The Maysles’ brothers were co-directors of acclaimed films such as the aforementioned "Gimme Shelter," "Grey Gardens" and "Salesman." They continued to make cinema verite documentaries together for thirty years until David’s death in 1987. They chronicled Hollywood luminaries like Orson Welles and Marlon Brando, and also chronicled the Beatles’ first visit to the U.S. Their range was vast and eclectic. They were nominated for a Best Documentary, Short Subjects Academy Award in 1974 for "Christo’s Valley Curtain." Afterward, Albert Maysles would co-direct with Deborah Dickson and Susan Froemke, and would go on to win an Emmy in 1992 for "Abortion: Desperate Choices." Up until his death, Albert continued making films on his own and in collaboration with other filmmakers for HBO and others. The collaboration between Albert Maysles and Susan Froemke had been just as impressive. Such films as "Vladimir Horowitz: The Last Romantic" and "Ozawa" are part of their canon. Perhaps their most prominent collaboration (along with Deborah Dickson) was the 2001 Oscar nominated "Lalee’s Kin: The Legacy of Cotton," which followed a Mississippi Delta school district and a struggling Delta family. The film reflected the damaging effects of poverty in the Deep South.
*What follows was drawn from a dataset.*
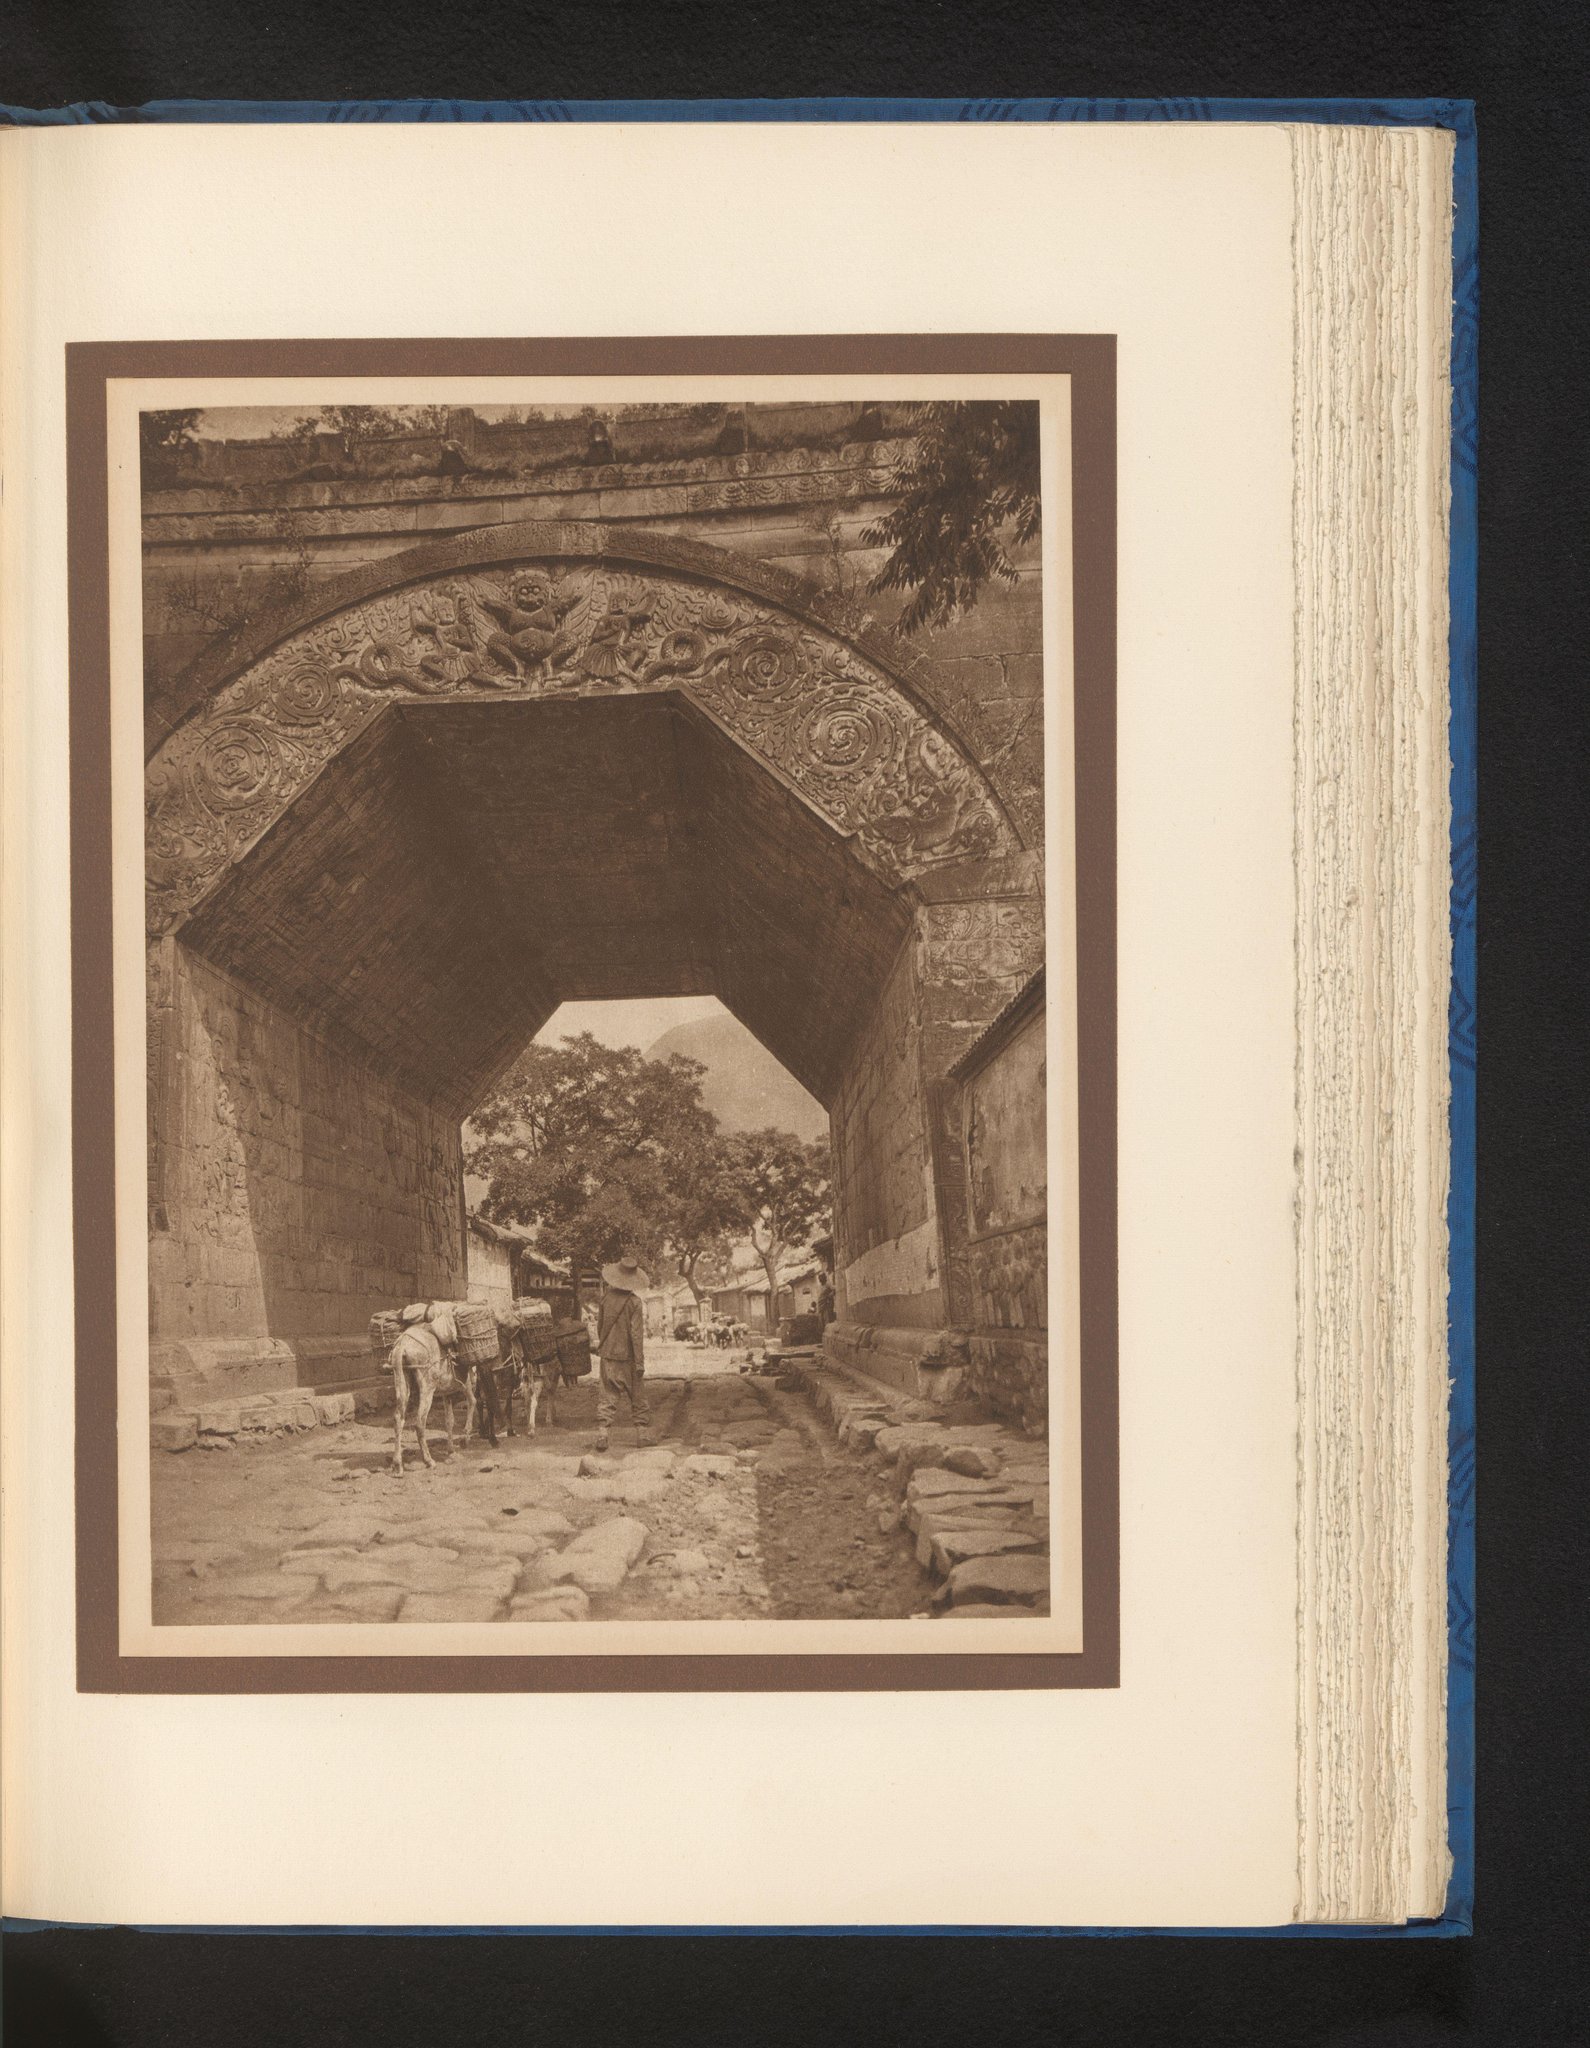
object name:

In this Exclusive interview, Susan Froemke discusses Albert Maysles’ brilliance as co-director, collaborator, his integral place within cinematic history as well as generous artistic spirit.
Jared Feldschreiber: What were the circumstances in which you met Albert Maysles as film artists? Since you both collaborated on close to twenty films, how would you characterize your relationship both artistically and on a personal basis?
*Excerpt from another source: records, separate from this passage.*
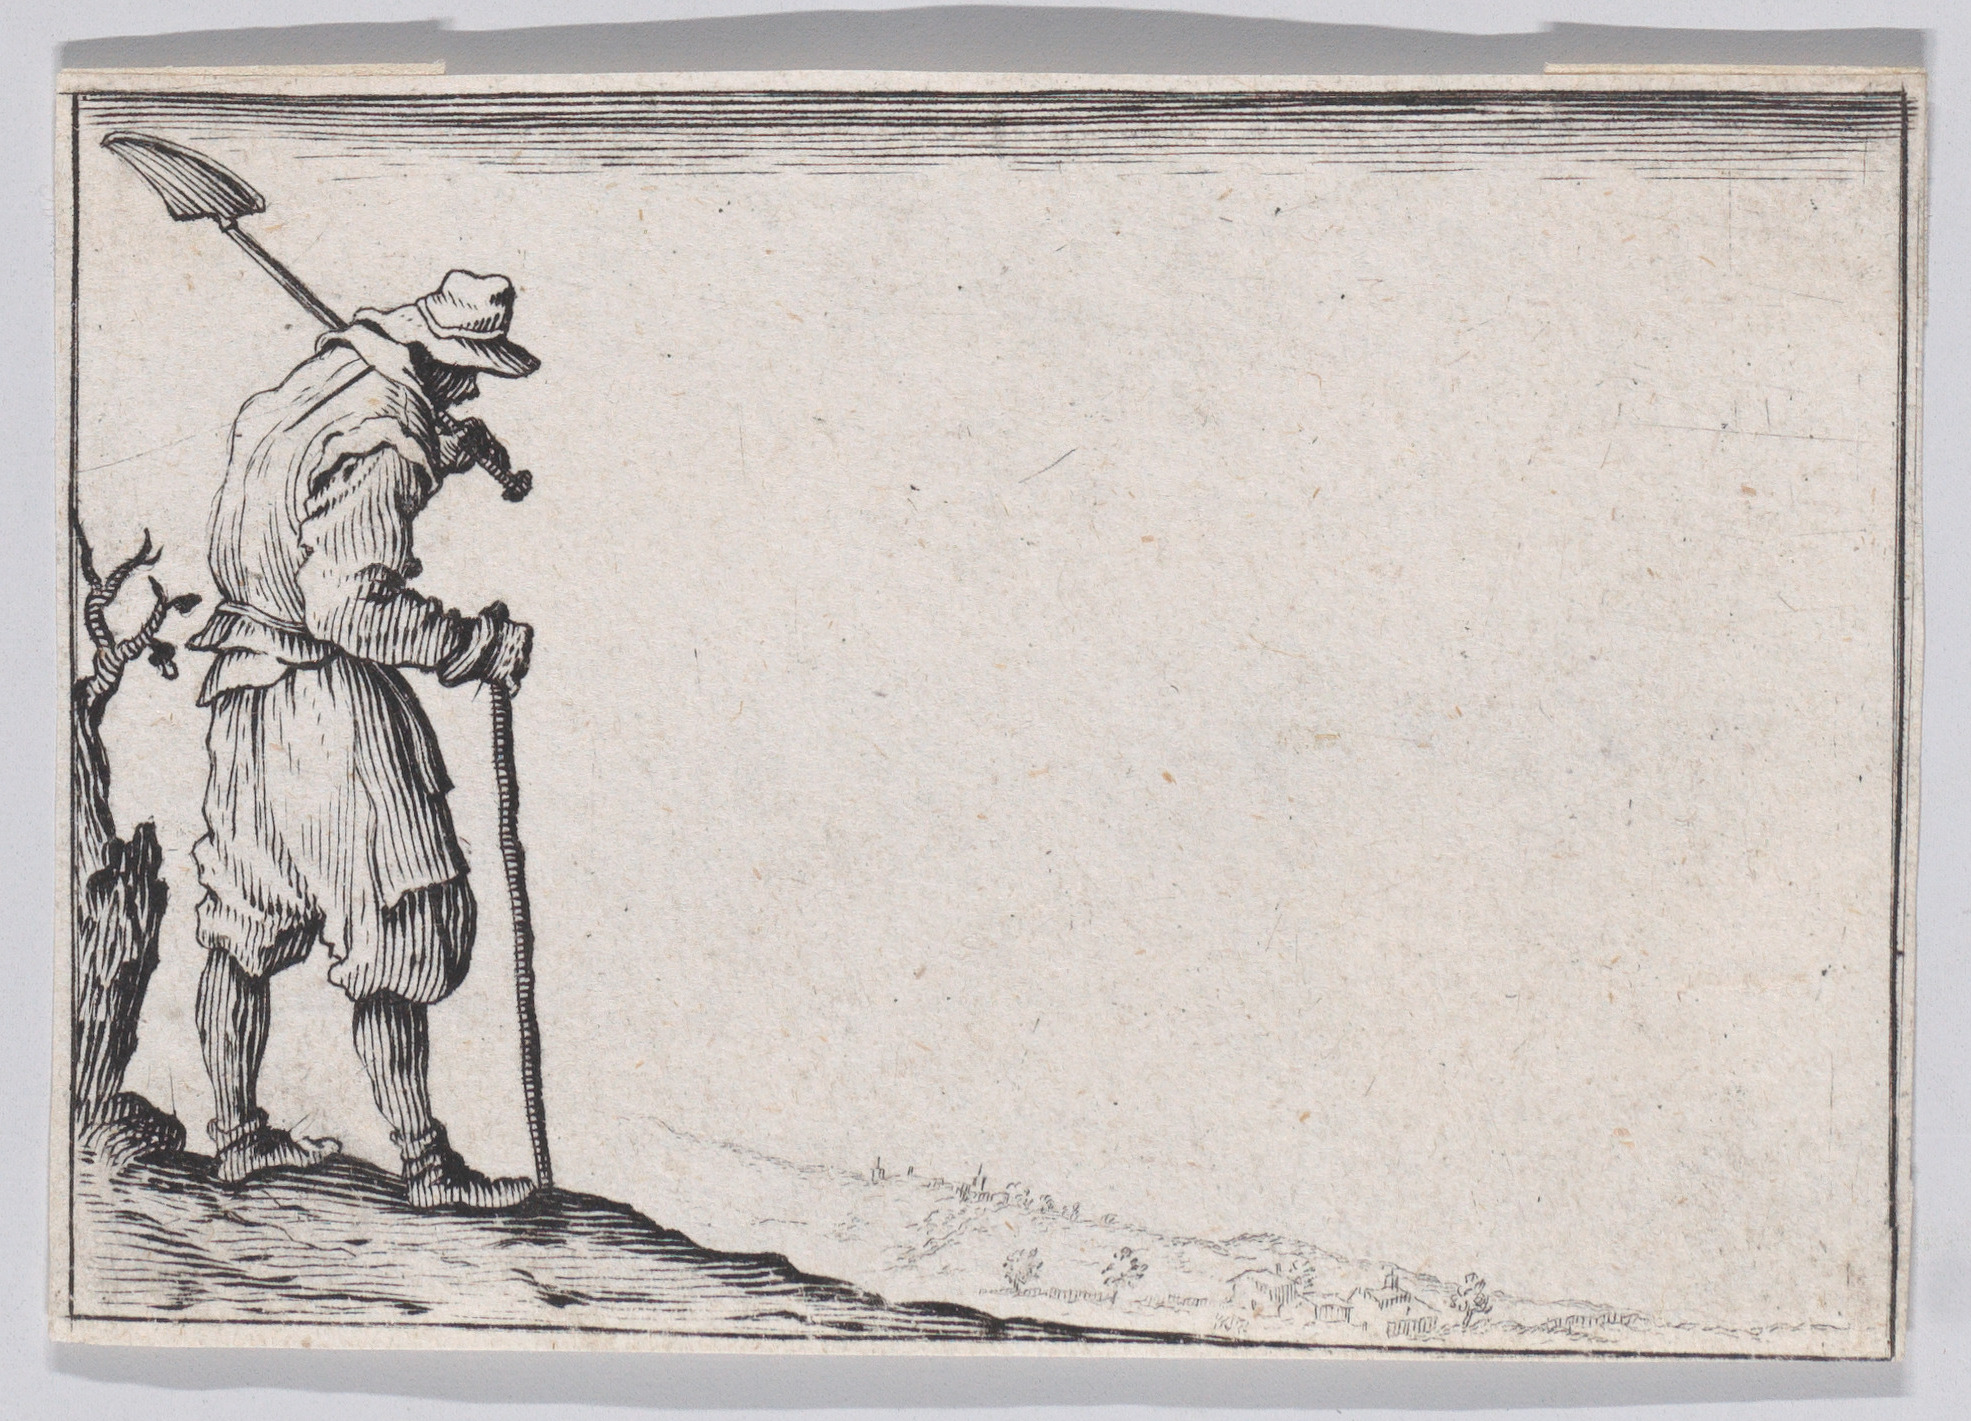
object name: print
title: Reverse Copy of Le Paysan Portant sa Pelle sur L'Épaule (The Peasant Carrying his Shovel over his Shoulder), from "Les Caprices" Series A, The Florence Set
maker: Anonymous
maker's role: artist
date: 1601-1700
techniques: etching
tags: men

Susan Froemke: I arrived at Maysles Films in the early 70’s, 21 years old, and worked with Al and David until 2003. The Maysles shied away from hiring people right out of film schools because they wanted you to be open to their approach. They didn’t want to “un-teach you”—their word. I was an English Lit major which pleased them. I was privileged to be one of the few allowed to be on shoots with them (Bob Richman was too) so I saw their filming approach first hand. I worked very closely with David, Charlotte Zwerin and Ellen Hovde in the edit room. I eventually produced for them.
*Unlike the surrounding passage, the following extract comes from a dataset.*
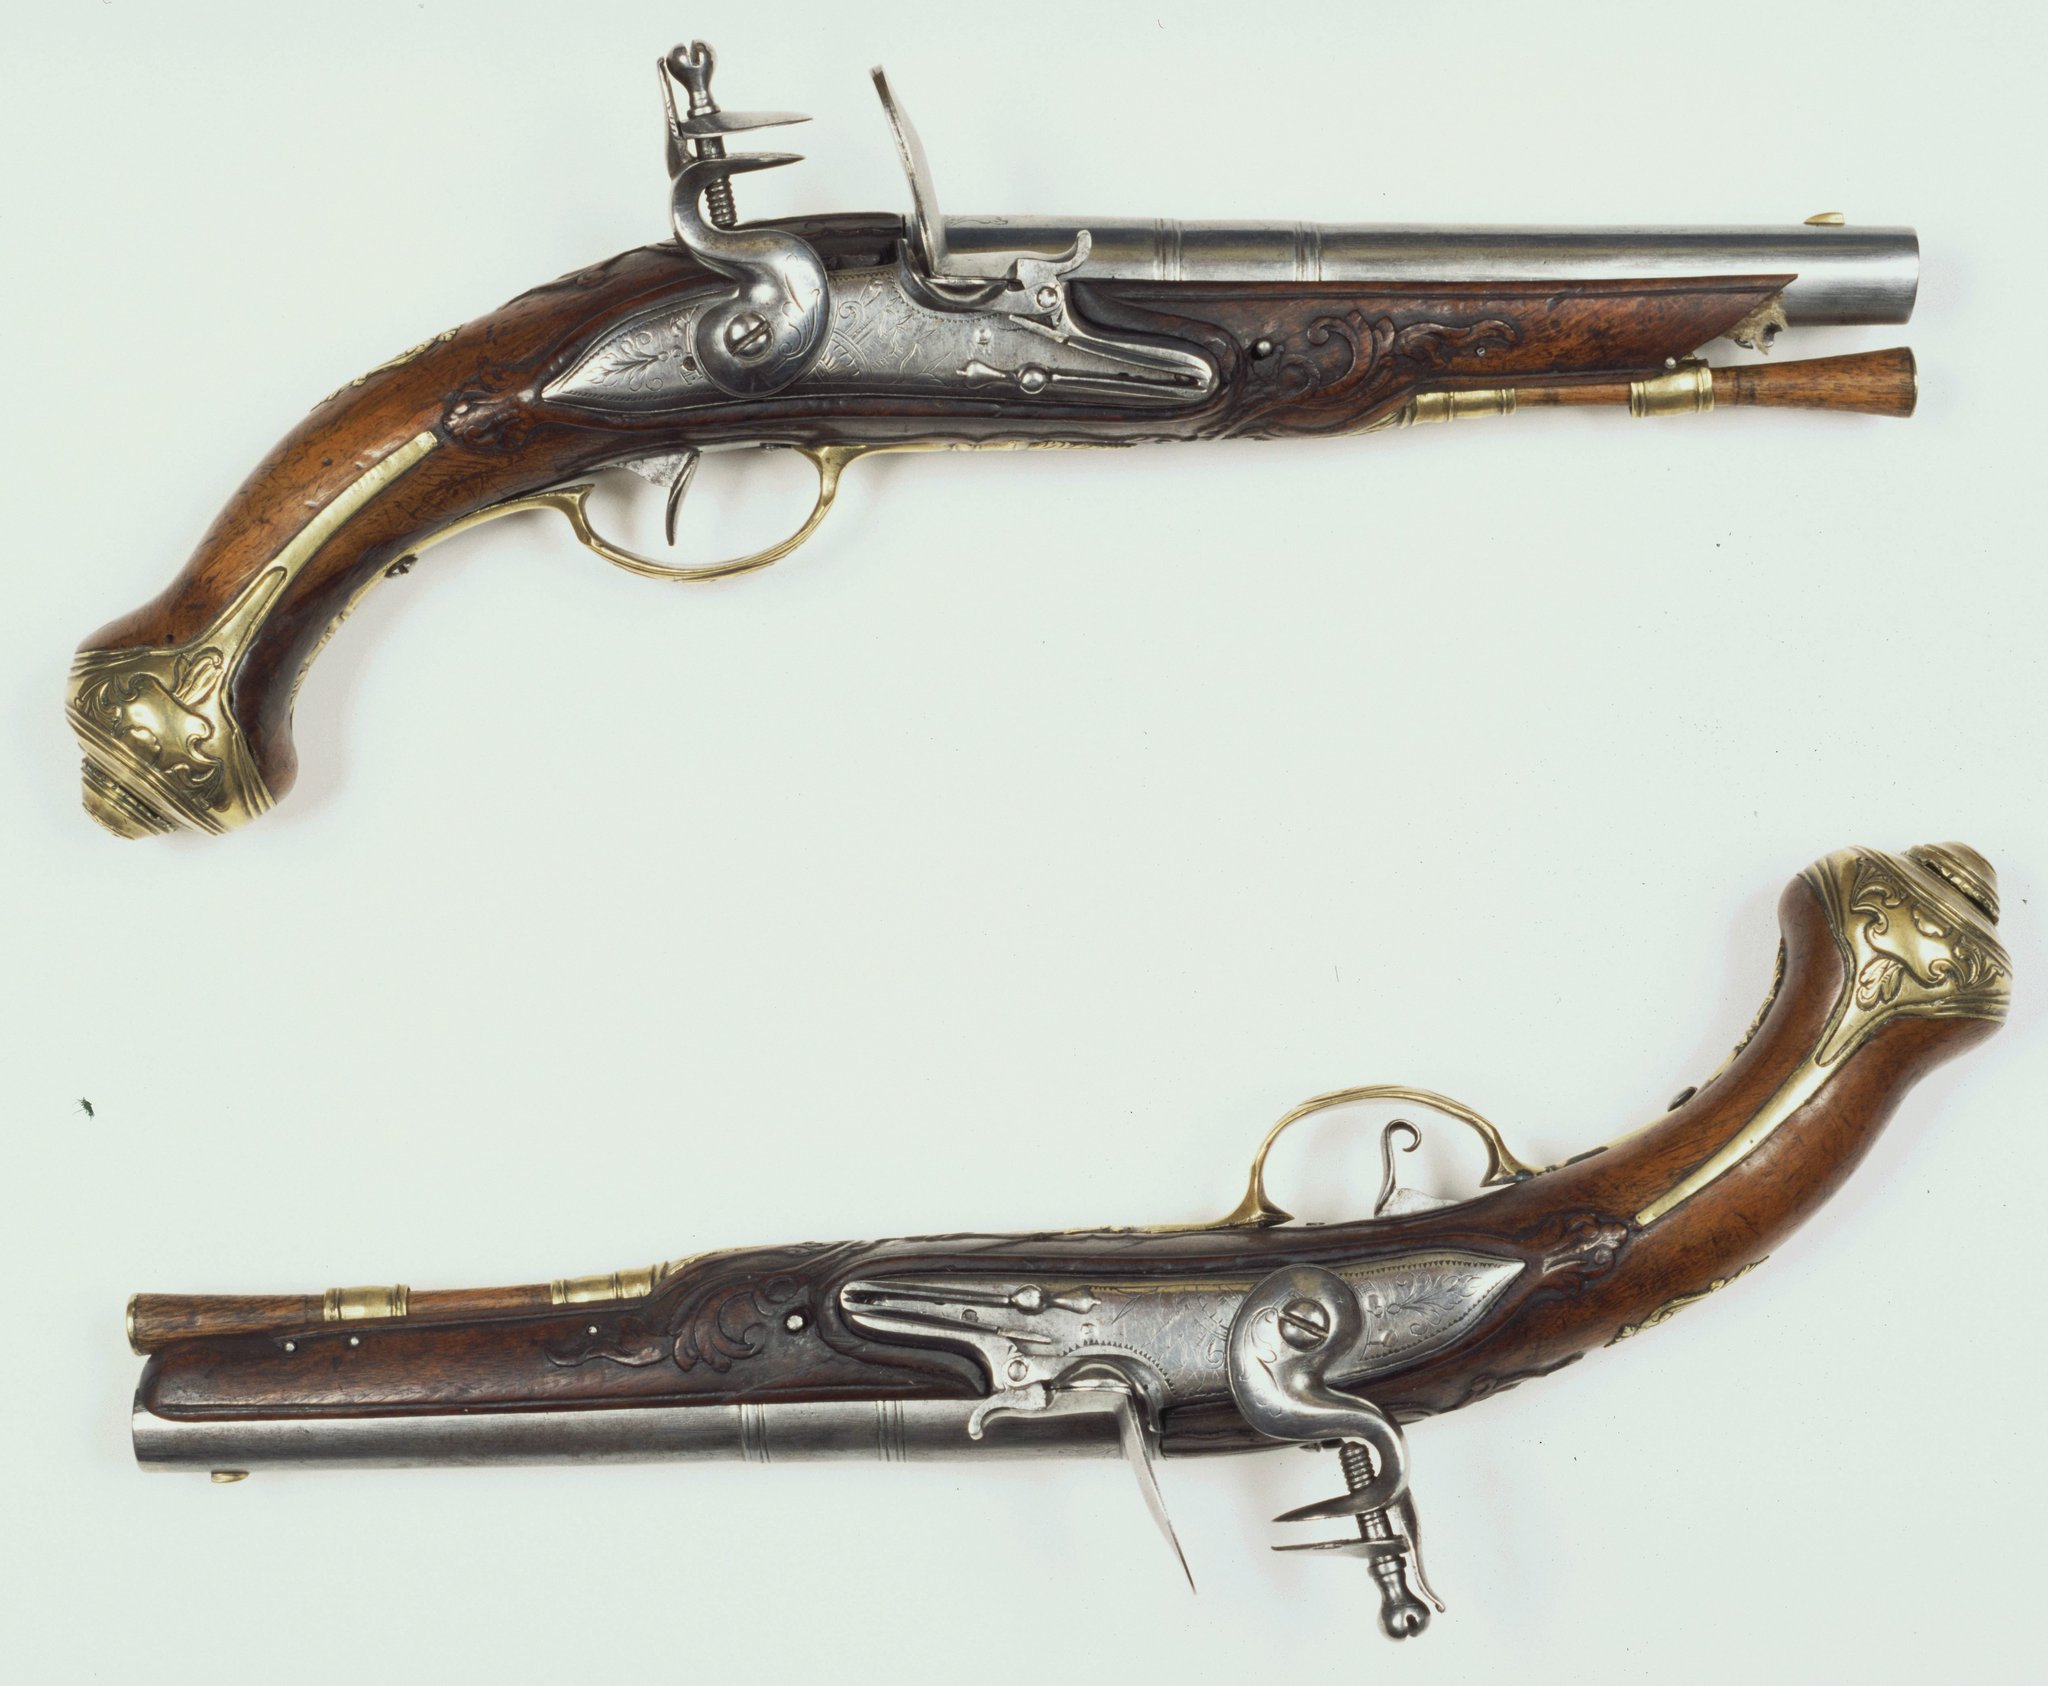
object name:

Jf: How would you describe your collaborative process?
Sf: When David died in 1987, Al and I partnered as a filming team--Al on camera while I took sound. A two person filming crew—no larger-- was essential to capturing the intimate footage we loved. Maysles Films was very much a family and it lasted for over 40 years. Everyone who worked there, and many talented filmmakers came through the company, felt the spirit of the place and we were all committed to the Maysles’ approach and very close personally.
We’d find a subject we thought was worthy of filming, follow the direction that subject took us on and then edit the footage all as a team. Our end credits were “a film by” and that was the true working relationship. Everyone had an equal voice. We are all so sad today.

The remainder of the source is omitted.